We demonstrate how 'Upstage' can empower financial analysts to efficiently extract and synthesize insights from multiple documents with minimal coding effort.

## 1. Extract data from Document & Split
The first step in our process involves loading the 10-K document and splitting it into manageable chunks of text. This allows for efficient processing and analysis. Here’s how you can do it:

In [None]:
from langchain.text_splitter import RecursiveCharacterTextSplitter, Language
from langchain_upstage import UpstageLayoutAnalysisLoader
from langchain_chroma import Chroma
from langchain_upstage import UpstageEmbeddings

In [None]:
# check if text is in the vector store
def is_in_vectorstore(vectorstore, text):
    search_results = vectorstore.get(ids=[text])
    if search_results and search_results["ids"]:
        return True
    else:
        return False


In [None]:
file_path = "c3_k-10.pdf"
# For image files, set use_ocr to True to perform OCR inference on the document before layout detection.
loader = UpstageLayoutAnalysisLoader(file_path, split="page", api_key=upstage_api_key, use_ocr=True)

# For improved memory efficiency, consider using the lazy_load method to load documents page by page.
docs = loader.load()  # or loader.lazy_load()

In [None]:
print(docs[0].page_content[:1000])


<p id='1' data-category='paragraph' style='font-size:22px'>UNITED STATES<br>SECURITIES AND EXCHANGE COMMISSION<br>Washington, D.C. 20549<br>FORM 10-K</p> <br><p id='2' data-category='paragraph' style='font-size:16px'>(Mark One)</p> <br><p id='3' data-category='paragraph' style='font-size:14px'>ANNUAL REPORT PURSUANT TO SECTION 13 OR 15(d) OF THE SECURITIES EXCHANGE ACT OF 1934<br>For the fiscal year ended April 30, 2022</p> <p id='4' data-category='paragraph' style='font-size:14px'>OR</p> <p id='5' data-category='paragraph' style='font-size:14px'>TRANSITION REPORT PURSUANT TO SECTION 13 OR 15(d) OF THE SECURITIES EXCHANGE ACT OF 1934</p> <br><p id='6' data-category='paragraph' style='font-size:14px'>For the transition period from to<br>Commission File Number: 001-39744</p> <p id='7' data-category='paragraph' style='font-size:20px'>C3.ai, Inc.<br>(Exact name of registrant as specified in its charter)</p> <p id='8' data-category='paragraph' style='font-size:14px'>Delaware<br>(State or ot

In [None]:
# 2. Split
text_splitter = RecursiveCharacterTextSplitter.from_language(
    chunk_size=1000, chunk_overlap=100, language=Language.HTML
)
splits = text_splitter.split_documents(docs)
print("Splits:", len(splits))

Splits: 985


## 2. Store in a vectordb
Once the document is split, the next step is to store these chunks in a vector database.

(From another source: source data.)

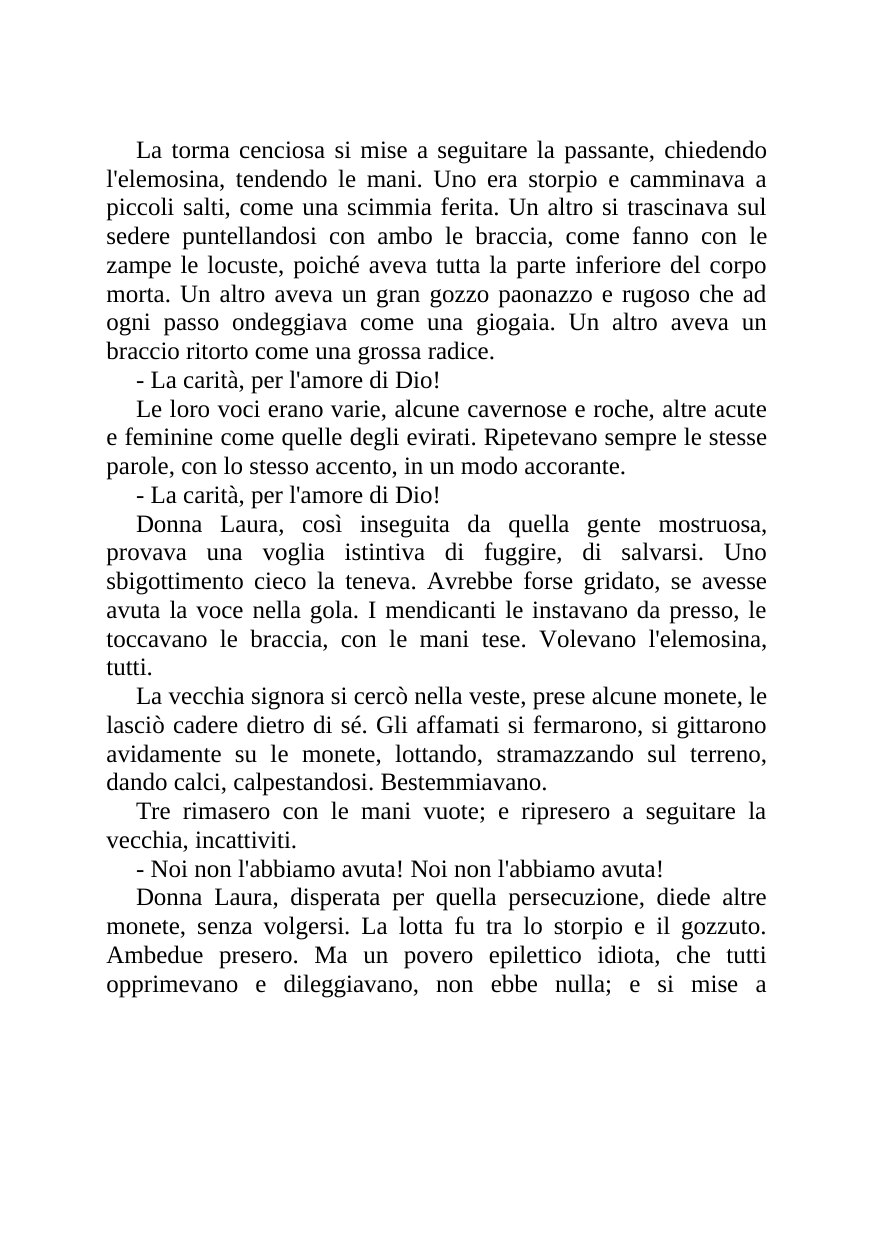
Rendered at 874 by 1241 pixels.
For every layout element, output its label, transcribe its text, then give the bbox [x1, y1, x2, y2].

text Donna Laura, disperata per quella persecuzione, diede altre monete, senza volgersi. La lotta fu tra lo storpio e il gozzuto. Ambedue presero. Ma un povero epilettico idiota, che tutti opprimevano e dileggiavano, non ebbe nulla; e si mise a [106, 882, 768, 997]
text Le loro voci erano varie, alcune cavernose e roche, altre acute e feminine come quelle degli evirati. Ripetevano sempre le stesse parole, con lo stesso accento, in un modo accorante. [106, 394, 768, 480]
text - La carità, per l'amore di Dio! [106, 480, 768, 509]
text - Noi non l'abbiamo avuta! Noi non l'abbiamo avuta! [106, 854, 768, 882]
text La vecchia signora si cercò nella veste, prese alcune monete, le lasciò cadere dietro di sé. Gli affamati si fermarono, si gittarono avidamente su le monete, lottando, stramazzando sul terreno, dando calci, calpestandosi. Bestemmiavano. [106, 681, 768, 796]
text Donna Laura, così inseguita da quella gente mostruosa, provava una voglia istintiva di fuggire, di salvarsi. Uno sbigottimento cieco la teneva. Avrebbe forse gridato, se avesse avuta la voce nella gola. I mendicanti le instavano da presso, le toccavano le braccia, con le mani tese. Volevano l'elemosina, tutti. [106, 509, 768, 681]
text Tre rimasero con le mani vuote; e ripresero a seguitare la vecchia, incattiviti. [106, 796, 768, 854]
text - La carità, per l'amore di Dio! [106, 365, 768, 394]
text La torma cenciosa si mise a seguitare la passante, chiedendo l'elemosina, tendendo le mani. Uno era storpio e camminava a piccoli salti, come una scimmia ferita. Un altro si trascinava sul sedere puntellandosi con ambo le braccia, come fanno con le zampe le locuste, poiché aveva tutta la parte inferiore del corpo morta. Un altro aveva un gran gozzo paonazzo e rugoso che ad ogni passo ondeggiava come una giogaia. Un altro aveva un braccio ritorto come una grossa radice. [106, 135, 768, 365]

We’ll use Chroma to create a vector store and Upstage for generating embeddings.



In [None]:
vectorstore = Chroma(
    persist_directory="./chroma_db",
    embedding_function=UpstageEmbeddings(model="solar-embedding-1-large", upstage_api_key=upstage_api_key),
)
retriever = vectorstore.as_retriever()


unique_splits = [
    split for split in splits if not is_in_vectorstore(vectorstore, split.page_content)
]
print(len(unique_splits))

985


In [None]:
import hashlib

def generate_unique_id(content, index):
    return hashlib.md5(f"{index}-{content}".encode()).hexdigest()
if len(unique_splits) > 0:
    vectorstore = Chroma.from_documents(
        ids=[generate_unique_id(split.page_content, i) for i, split in enumerate(unique_splits)],
        persist_directory="./chroma_db",
        documents=unique_splits,
        embedding=UpstageEmbeddings(model="solar-embedding-1-large", upstage_api_key=upstage_api_key),

)

## 3. Retrive relevant docs
Now that our vector store is set up, we can easily retrieve relevant sections of the document based on specific queries. For example, we can ask about the company's financial risks.



In [None]:
# Retrieving documents you would like to analyze from the company's financial document
search_result = retriever.invoke("Tell me about finanical risks")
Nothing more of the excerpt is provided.